Mas, ao atingir a maioridade, suas ações passaram a ter consequências maiores. “Ensinaram ele a ligar motos achadas na rua. Ele pegava, andava e depois deixava na delegacia. Todo mundo aqui o conhecia e ligava pra gente, porque o caso dele era de saúde mental, não de segurança.”
Na semana passada, ele foi detido pela última vez após tentar arrombar um caixa eletrônico. Ao ver o carro da polícia, teria arremessado pedras.
Preso em flagrante, foi levado ao Presídio do Roger, em João Pessoa, mas liberado no dia seguinte, após audiência de custódia, e encaminhado para tratamento psiquiátrico. Na decisão, consta um diagnóstico mais recente informando que, além do retardo, cita que ele tem esquizofrenia.
O diretor do presídio, Edmilson Alves, gravou um vídeo após a morte e confirmou que Gerson teve seis passagens pelo local desde os 18 anos.
“A gente sabia que ele precisava de ajuda e de tratamento. A Justiça também entendeu que o local dele não era o presídio e decidiu que ele iria para o Caps [Centro de Atenção Psicossocial]”, conta.
A maioria dos crimes de Vaqueirinho [como era conhecido] era por dano e pequenos furtos. Não estou romantizando, mas era um rapaz com problemas mentais, e a gente alertou. Posso dizer com certeza: a nossa parte, o sistema penitenciário fez. – Edmilson Alves
Volta ao conselho
Um dia após ser solto, Gerson procurou o Conselho Tutelar.

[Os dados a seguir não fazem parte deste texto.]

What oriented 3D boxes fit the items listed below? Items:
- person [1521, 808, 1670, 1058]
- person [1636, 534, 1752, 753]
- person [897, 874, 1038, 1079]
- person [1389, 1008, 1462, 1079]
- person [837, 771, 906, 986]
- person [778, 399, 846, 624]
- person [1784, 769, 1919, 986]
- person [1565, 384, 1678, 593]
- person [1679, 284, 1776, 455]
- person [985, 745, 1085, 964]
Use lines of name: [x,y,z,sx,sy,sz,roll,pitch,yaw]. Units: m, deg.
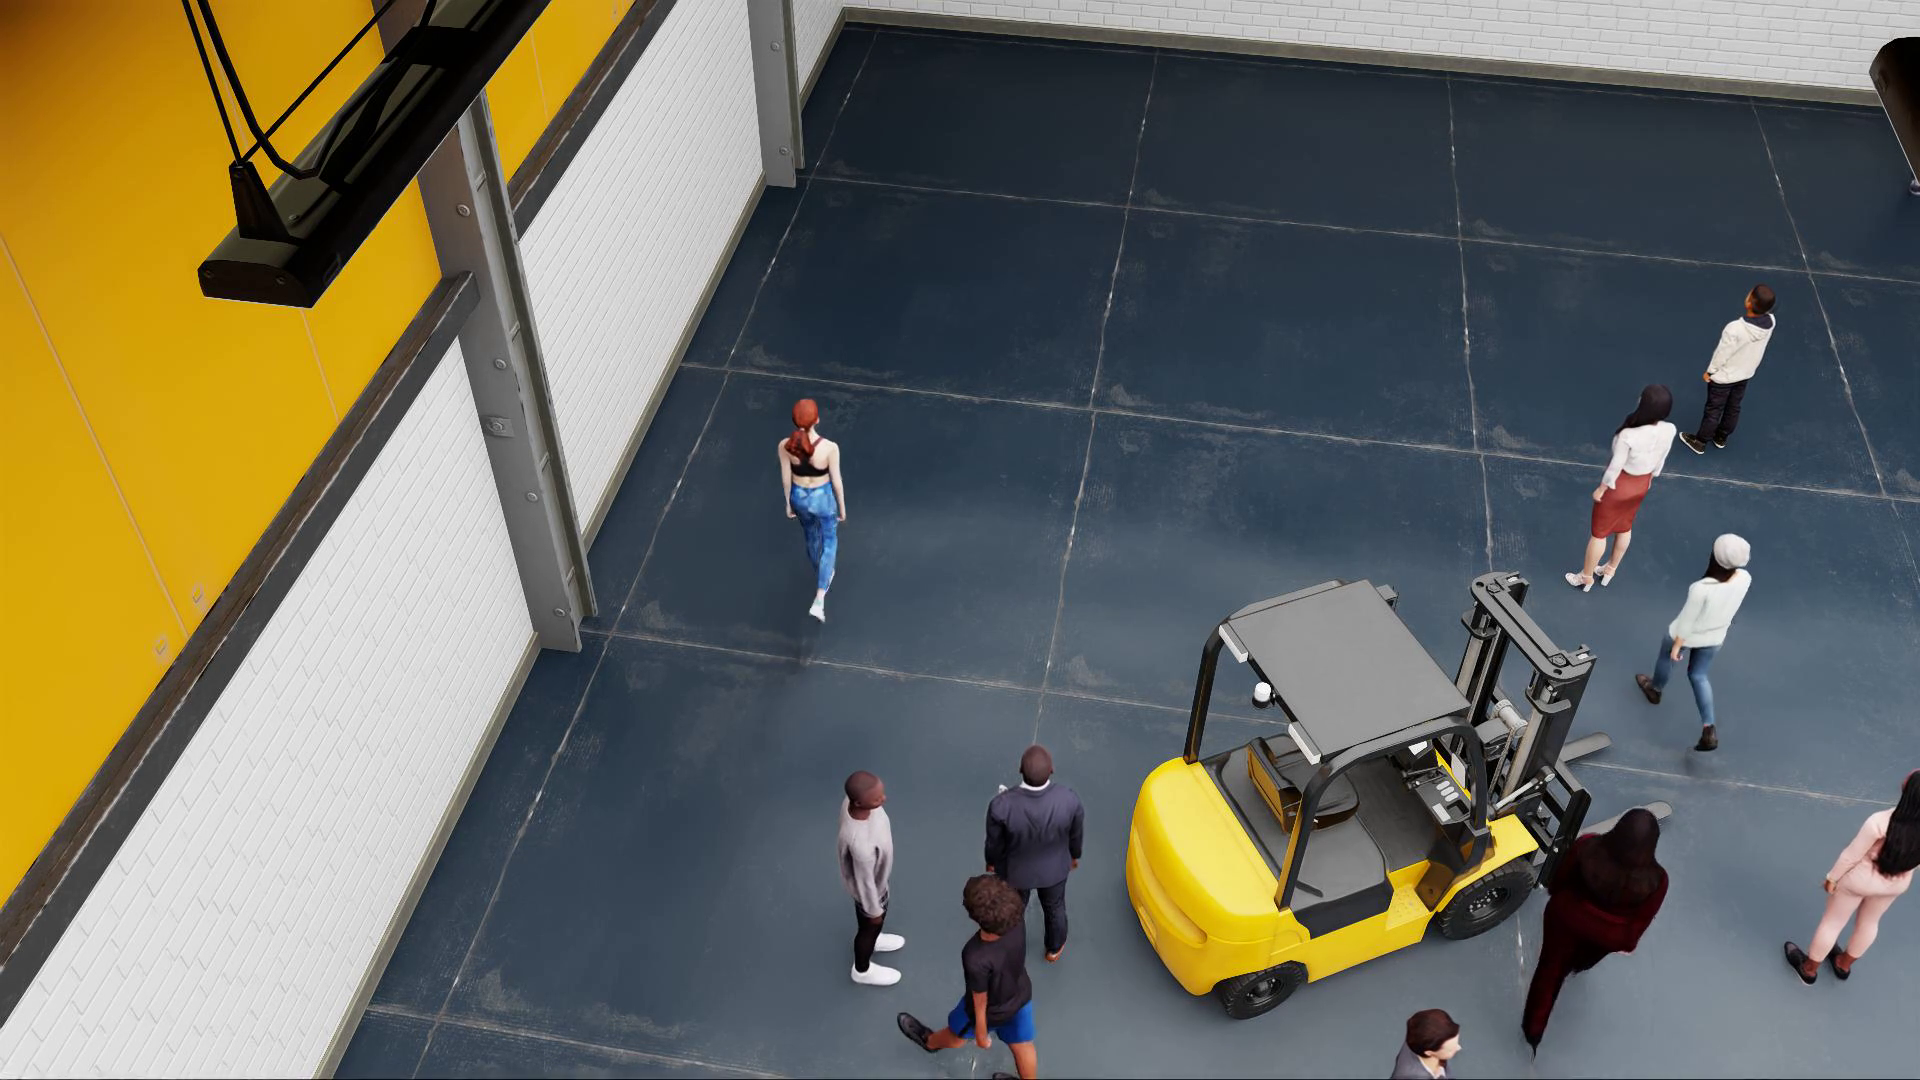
person: [3.284,2.066,8.714,0.898,1.718,1.175,22,48,21]
person: [4.615,0.640,10.281,0.868,1.622,1.124,-7,44,-8]
person: [0.260,2.349,8.386,1.002,1.760,1.114,29,51,27]
person: [2.110,2.777,7.933,0.680,1.767,0.466,10,44,10]
person: [-0.518,1.806,8.950,0.731,1.770,0.568,-2,44,-3]
person: [-0.987,-0.160,11.016,0.595,1.767,0.990,4,44,4]
person: [4.909,1.834,8.958,0.662,1.719,0.606,-2,44,-2]
person: [4.472,-0.336,11.212,0.668,1.751,0.670,-13,45,-14]
person: [5.774,-1.270,12.408,0.663,1.454,0.665,-13,45,-14]
person: [0.399,1.734,8.986,0.753,1.824,0.700,-3,44,-4]
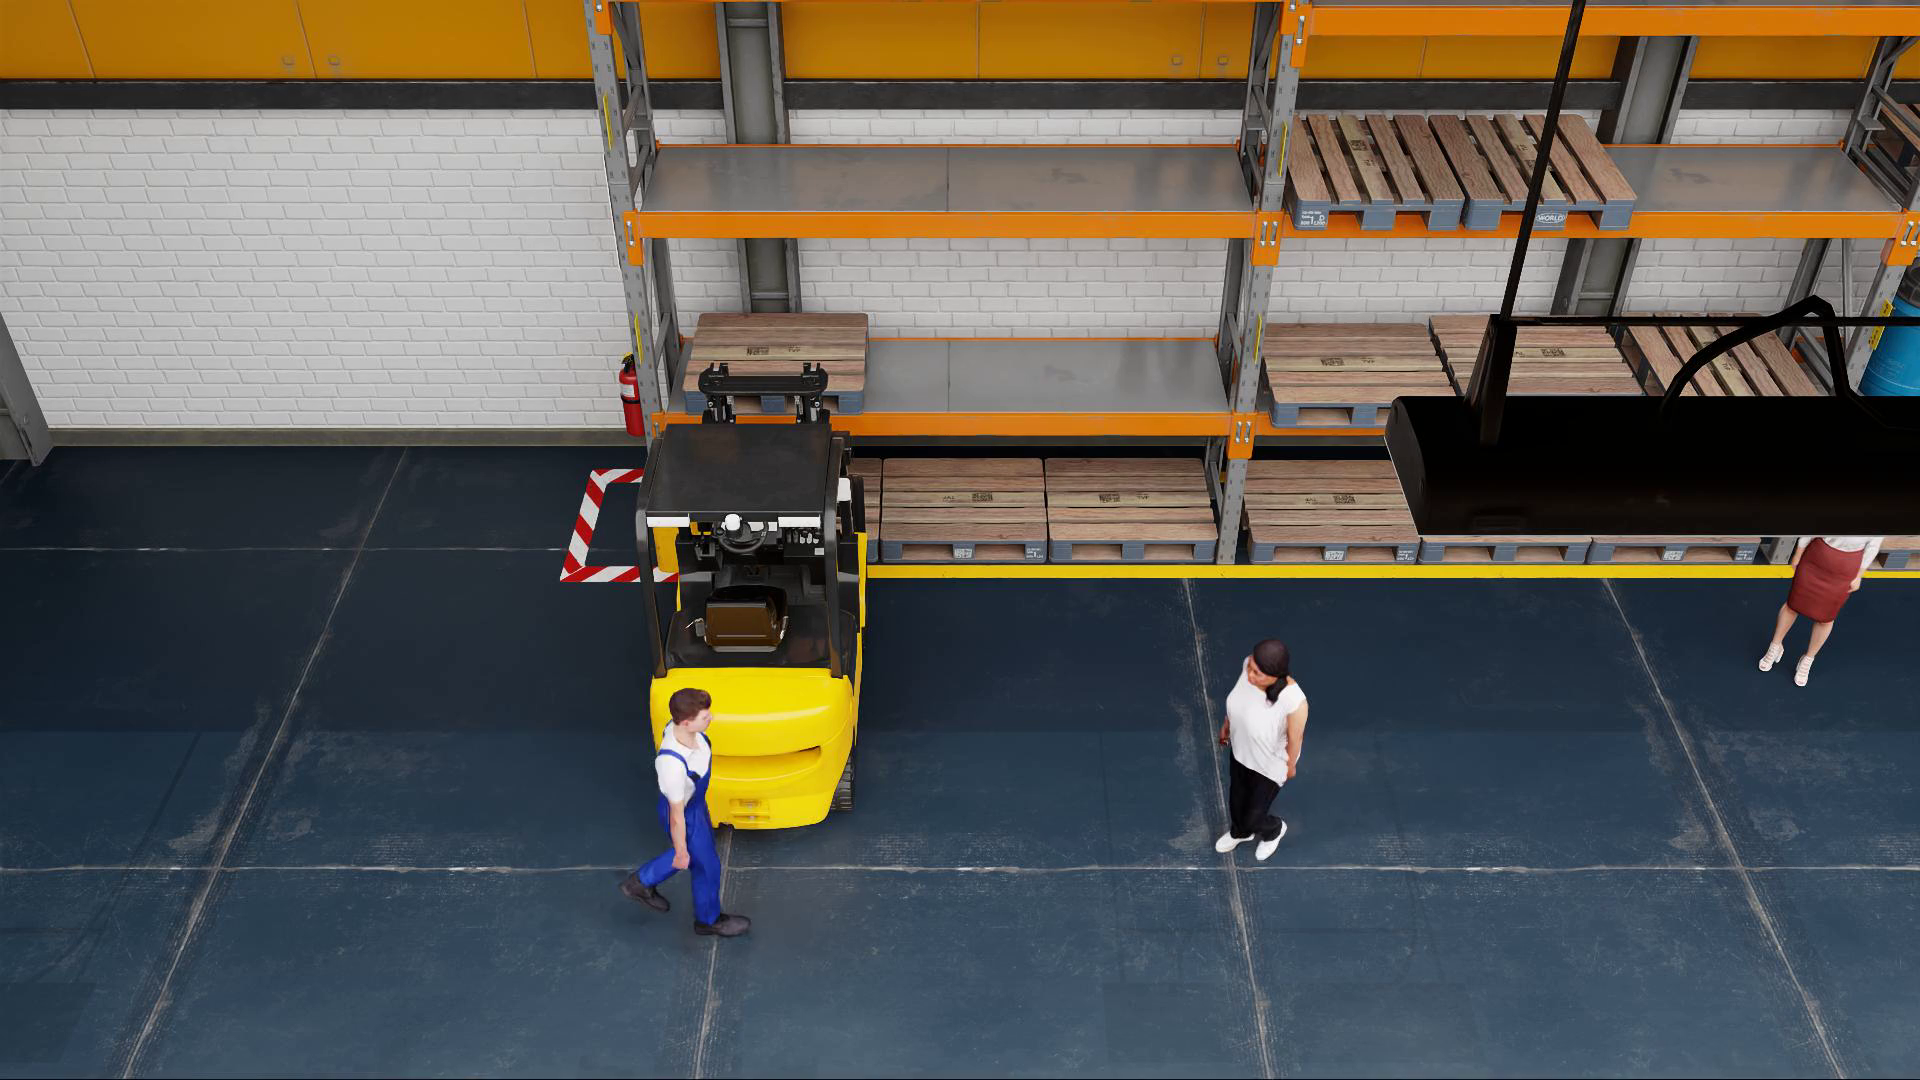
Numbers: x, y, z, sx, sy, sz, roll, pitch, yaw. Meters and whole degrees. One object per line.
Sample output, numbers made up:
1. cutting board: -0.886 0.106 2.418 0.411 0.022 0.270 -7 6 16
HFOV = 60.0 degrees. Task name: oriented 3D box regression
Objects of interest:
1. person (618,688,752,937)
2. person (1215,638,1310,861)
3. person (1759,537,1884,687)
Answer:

“Ele me falou: ‘Tia Verônica, o cara do presídio disse que eu tenho que tirar a carteira de trabalho, a senhora me ajuda?’ Eu fiz uma cópia e expliquei onde ele devia ir”, conta.
Gerson não tinha casa fixa. Passava a maior parte das noites na casa da avó esquizofrênica, que o deixava dormir lá. “Mas ele era inquieto, vivia andando”, lembra Verônica.
Ela afirma que Gerson foi vítima da falta de assistência em saúde mental em João Pessoa. “Por que precisou morrer para se provar que ele tinha deficiência mental e precisava de cuidados? Que fique o exemplo para todos.”
O caos na cidade é claro pela falta de locais para onde levar pacientes. Ele precisava ser internado, ter tratamento. Temos um procedimento aqui sobre ele com mais de 100 páginas, sem nunca ter solução. É muito triste ele morrer porque ninguém fez nada.
Verônica Oliveira
A coluna procurou a Prefeitura de João Pessoa para comentar sobre os cuidados na área de saúde mental, e aguarda retorno. O espaço segue aberto.